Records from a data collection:

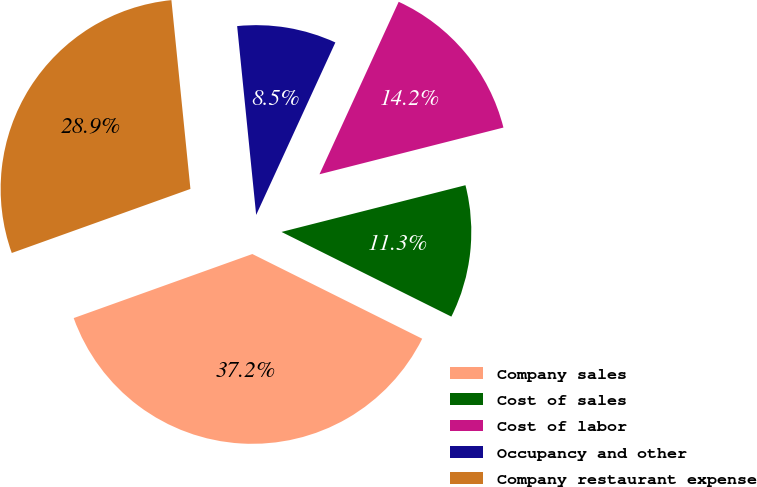Convert chart to OTSL. <chart><loc_0><loc_0><loc_500><loc_500><pie_chart><fcel>Company sales<fcel>Cost of sales<fcel>Cost of labor<fcel>Occupancy and other<fcel>Company restaurant expense<nl><fcel>37.16%<fcel>11.32%<fcel>14.19%<fcel>8.45%<fcel>28.88%<nl></chart> 
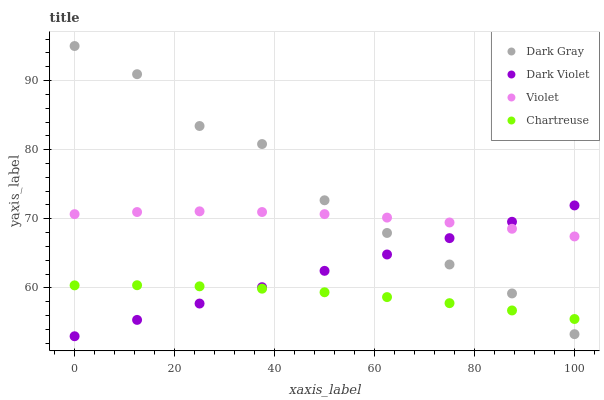Does Chartreuse have the minimum area under the curve?
Answer yes or no. Yes. Does Dark Gray have the maximum area under the curve?
Answer yes or no. Yes. Does Dark Violet have the minimum area under the curve?
Answer yes or no. No. Does Dark Violet have the maximum area under the curve?
Answer yes or no. No. Is Dark Violet the smoothest?
Answer yes or no. Yes. Is Dark Gray the roughest?
Answer yes or no. Yes. Is Chartreuse the smoothest?
Answer yes or no. No. Is Chartreuse the roughest?
Answer yes or no. No. Does Dark Violet have the lowest value?
Answer yes or no. Yes. Does Chartreuse have the lowest value?
Answer yes or no. No. Does Dark Gray have the highest value?
Answer yes or no. Yes. Does Dark Violet have the highest value?
Answer yes or no. No. Is Chartreuse less than Violet?
Answer yes or no. Yes. Is Violet greater than Chartreuse?
Answer yes or no. Yes. Does Dark Gray intersect Dark Violet?
Answer yes or no. Yes. Is Dark Gray less than Dark Violet?
Answer yes or no. No. Is Dark Gray greater than Dark Violet?
Answer yes or no. No. Does Chartreuse intersect Violet?
Answer yes or no. No. 
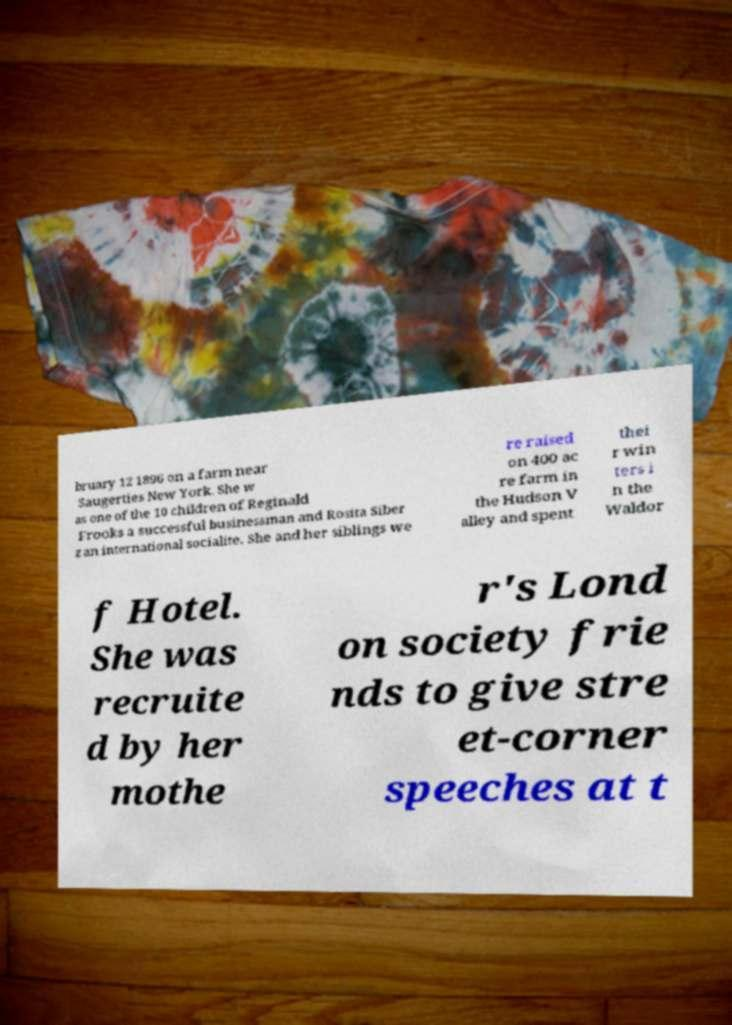I need the written content from this picture converted into text. Can you do that? bruary 12 1896 on a farm near Saugerties New York. She w as one of the 10 children of Reginald Frooks a successful businessman and Rosita Siber z an international socialite. She and her siblings we re raised on 400 ac re farm in the Hudson V alley and spent thei r win ters i n the Waldor f Hotel. She was recruite d by her mothe r's Lond on society frie nds to give stre et-corner speeches at t 
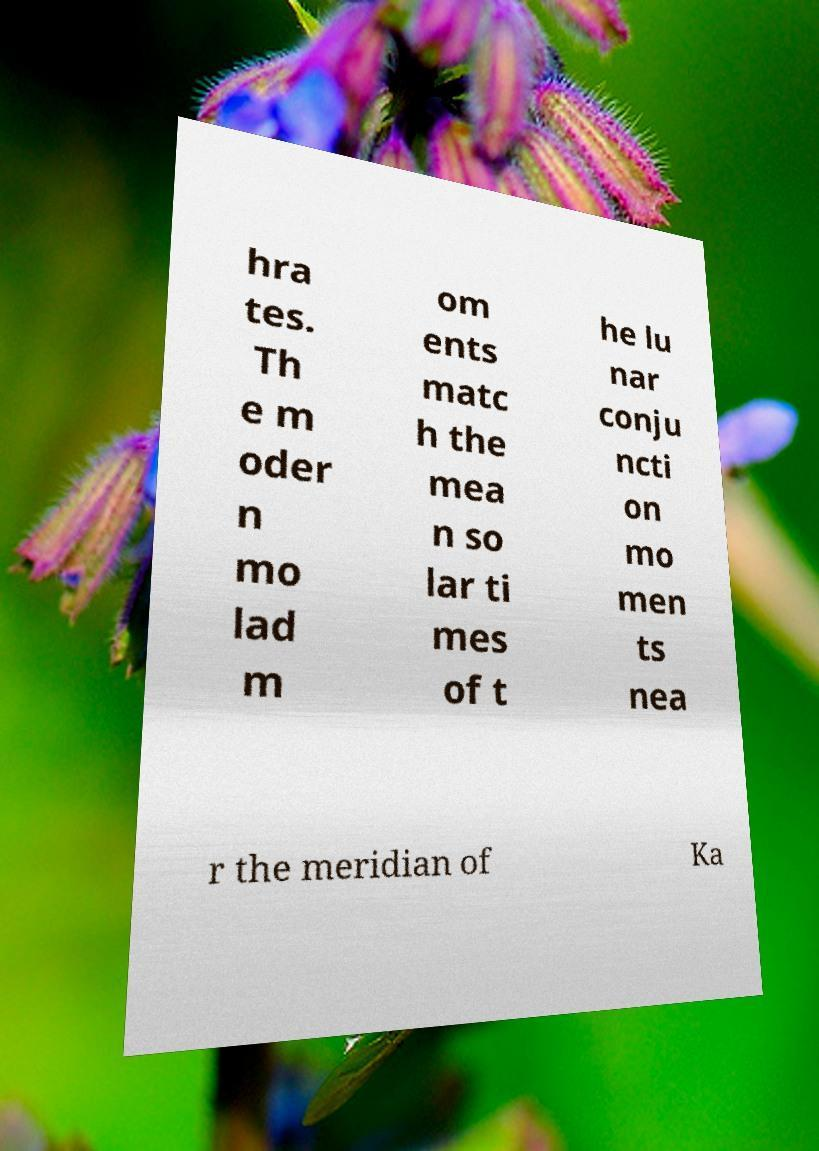Could you assist in decoding the text presented in this image and type it out clearly? hra tes. Th e m oder n mo lad m om ents matc h the mea n so lar ti mes of t he lu nar conju ncti on mo men ts nea r the meridian of Ka 
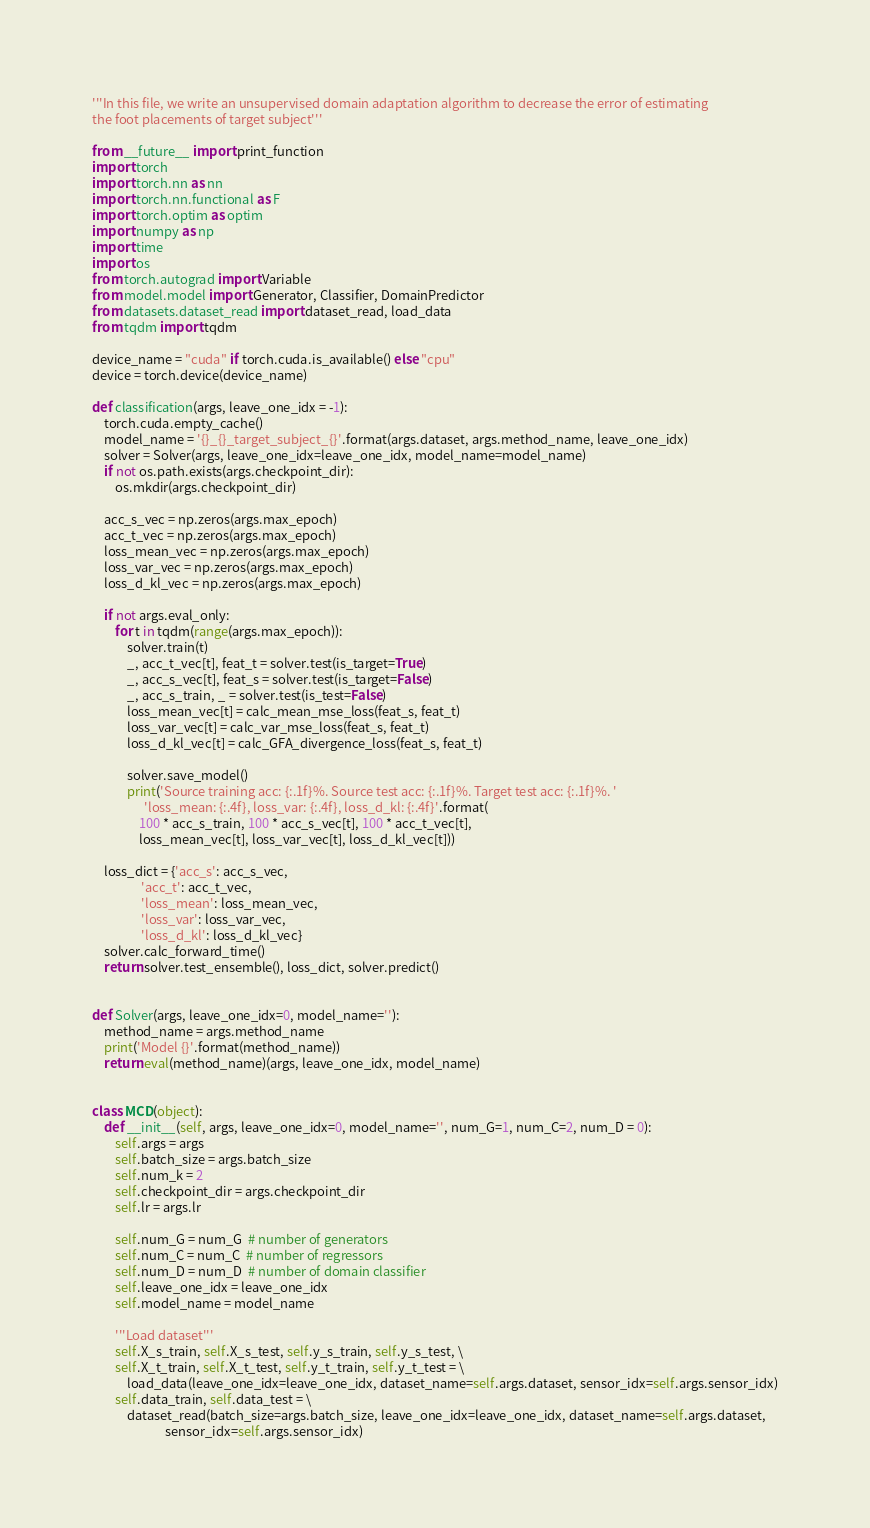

* **WHAT THIS TASK INVOLVES**
Your task is to count the lines of the records that contain "Gray". Answer with only that number.

* **ANSWER FOR THIS EXERCISE**
6